Note that the input_from_client table contains table with a single row, with only an id column as the tool does not require any input.

Calling get_statistics will return a string with the statistics. You can format it as a JSON for further computation on the MCP Client side.

Here is how the client should look like to access it:

import asyncio
from fastmcp import Client

# HTTP server
PATHWAY_MCP_URL = "http://localhost:8123/mcp/"

client = Client(PATHWAY_MCP_URL)

async def main():
    async with client:
        result = await client.call_tool(name="get_statistics", arguments={})
        print(result)

asyncio.run(main())

You can now easily access basic statistics about a Pathway table. Those numbers will evolve with the table, making sure your MCP client works on fresh data!
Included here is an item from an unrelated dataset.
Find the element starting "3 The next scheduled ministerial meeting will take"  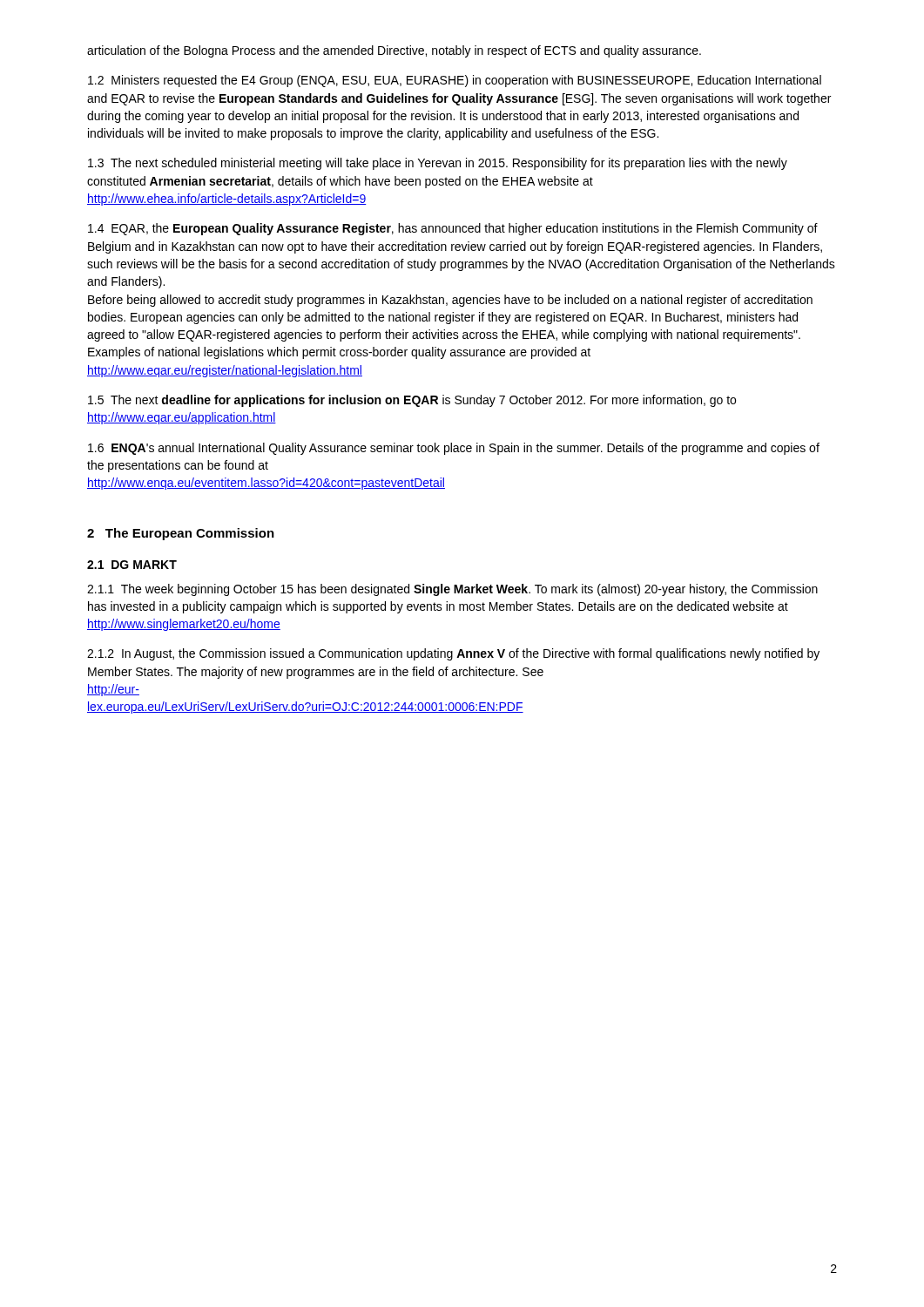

Exposing Pathway Document Store

Document indexing is crucial in Retrieval-Augmented Generation (RAG) and agentic pipelines because it organizes information in a way that makes it quickly searchable and retrievable. In RAG, efficient indexing allows models to pull relevant information swiftly, improving the accuracy and relevance of generated responses.
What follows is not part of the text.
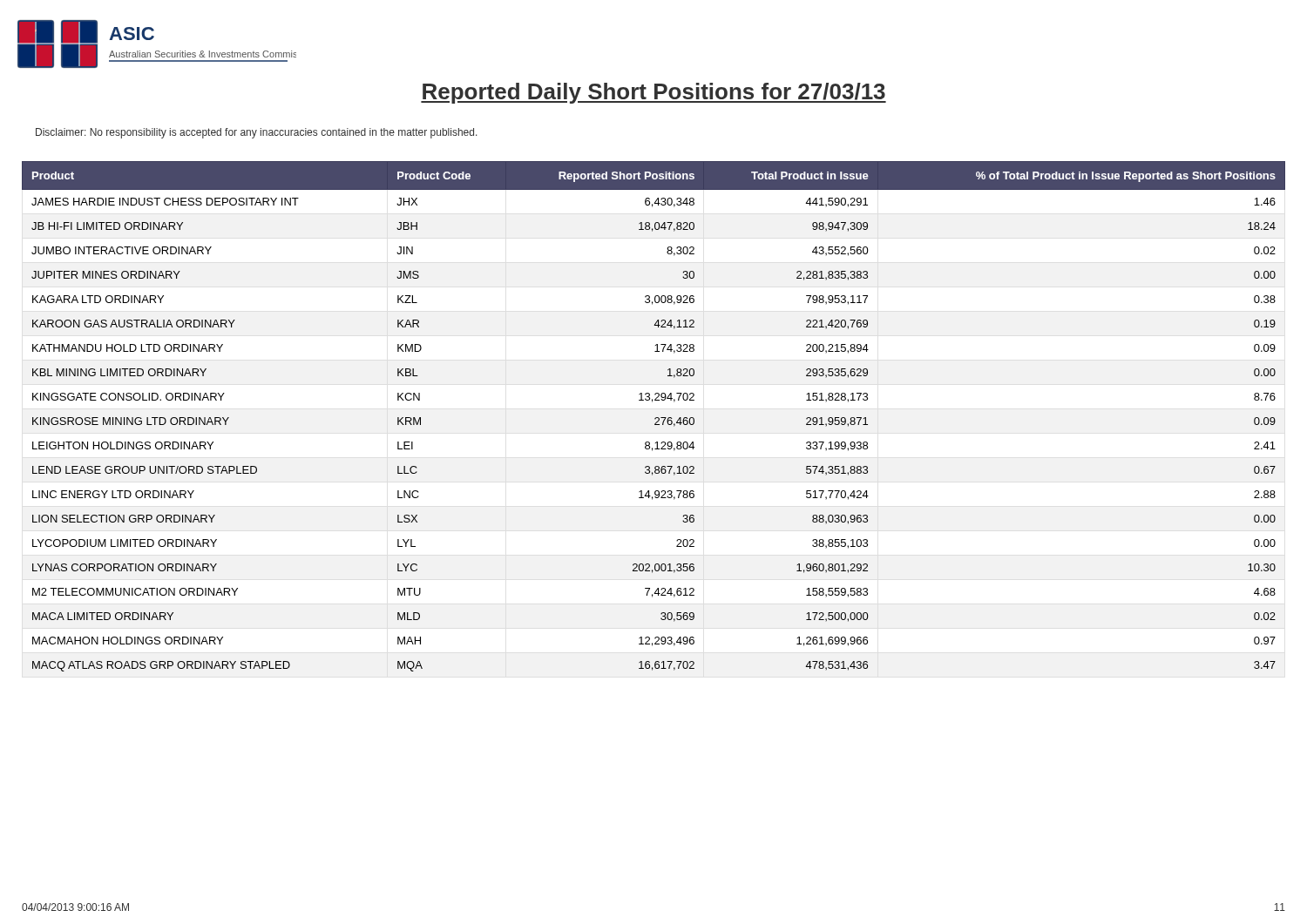Select the text block that reads "Disclaimer: No responsibility"

256,132

The Pathway MCP Server allows you to expose its document store to MCP clients. This setup allows various applications and agents to access a real-time index. By doing so, it ensures that any client connected to the MCP server can efficiently retrieve and use the indexed information, making sure your AI application works on accurate and up-to-date data.
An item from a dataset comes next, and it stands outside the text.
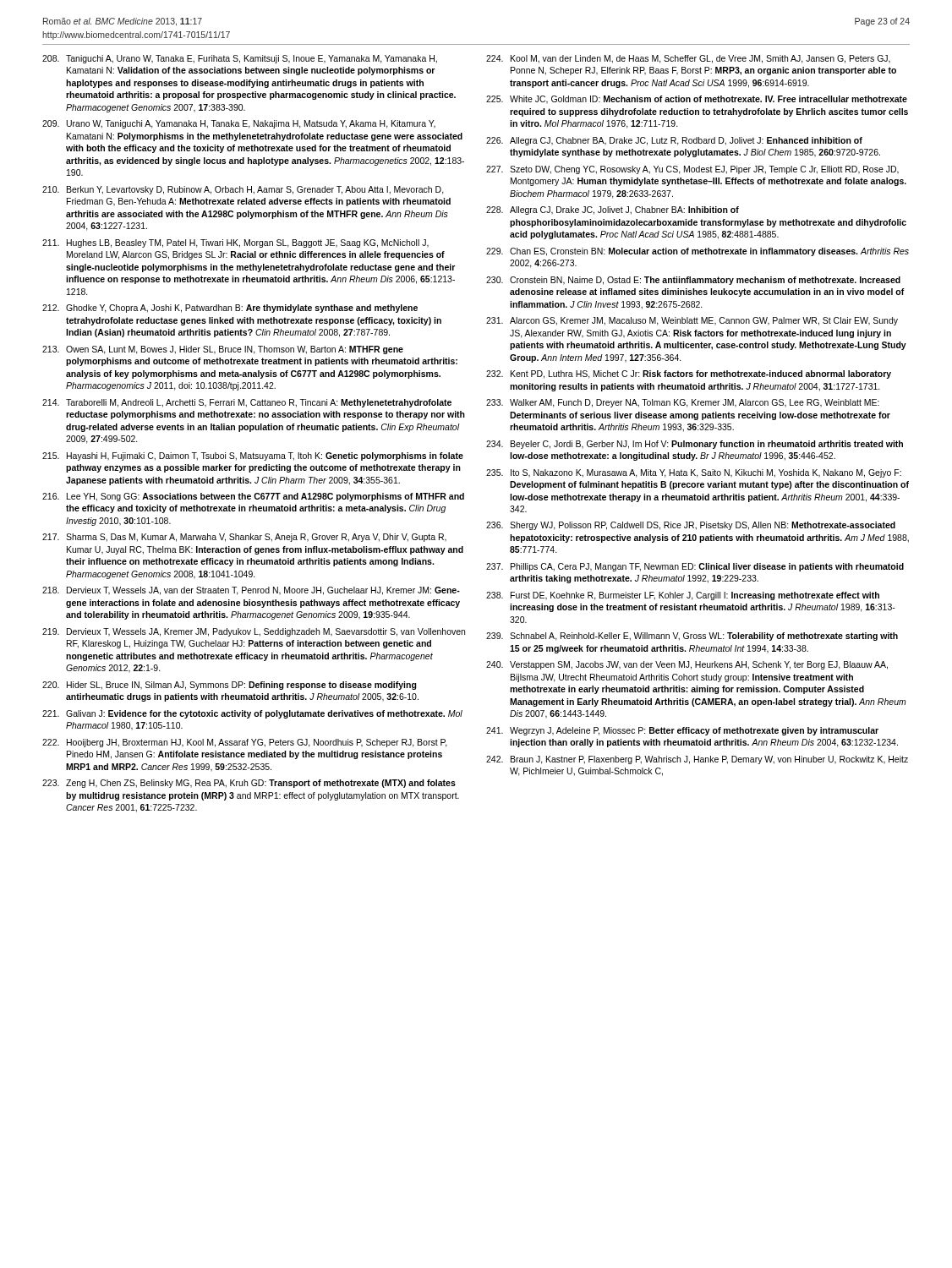Select the element starting "218. Dervieux T, Wessels JA, van"

tap(254, 603)

Pathway DocumentStore inherits from McpServable and passed directly to PathwayMcp.

YAML Template

You can add the Document Store directly in a YAML app:

mcp_http: !pw.xpacks.llm.mcp_server.PathwayMcp
  name: "Streamable MCP Server"
  transport: "streamable-http"
  host: "localhost"
  port: 8068
  serve:
    - $document_store

Here is a complete example:

$sources:
  - !pw.io.fs.read
    path: data
    format: binary
    with_metadata: true

$embedder: !pw.xpacks.llm.embedders.OpenAIEmbedder
  model: "text-embedding-ada-002"
  cache_strategy: !pw.udfs.DefaultCache {}

$splitter: !pw.xpacks.llm.splitters.TokenCountSplitter
  min_tokens: 250
  max_tokens: 600

$parser: !pw.xpacks.llm.parsers.DoclingParser {}

$knn_index: !pw.stdlib.indexing.BruteForceKnnFactory
  reserved_space: 1000
  embedder: $embedder
  metric: !pw.engine.BruteForceKnnMetricKind.COS

$bm25_index: !pw.stdlib.indexing.TantivyBM25Factory {}

$retriever_factory: !pw.stdlib.indexing.HybridIndexFactory
  retriever_factories:
    - $knn_index
    - $bm25_index

$document_store: !pw.xpacks.llm.document_store.DocumentStore
  docs: $sources
  parser: $parser
  splitter: $splitter
  retriever_factory: $retriever_factory


# Streamable MCP server, can be proxied
mcp_http: !pw.xpacks.llm.mcp_server.PathwayMcp
  name: "Streamable MCP Server"
  transport: "streamable-http"
  host: "localhost"
  port: 8068
  serve:
    - $document_store

Conclusion

Pathway's MCP Server provides real-time data and context to your AI applications. It connects AI models to various data sources, improving their ability to deliver accurate and timely information. This tool is valuable for applications needing up-to-date data and efficient processing. As real-time data becomes more important, tools like Pathway's MCP Server will be essential for effective data handling and decision-making.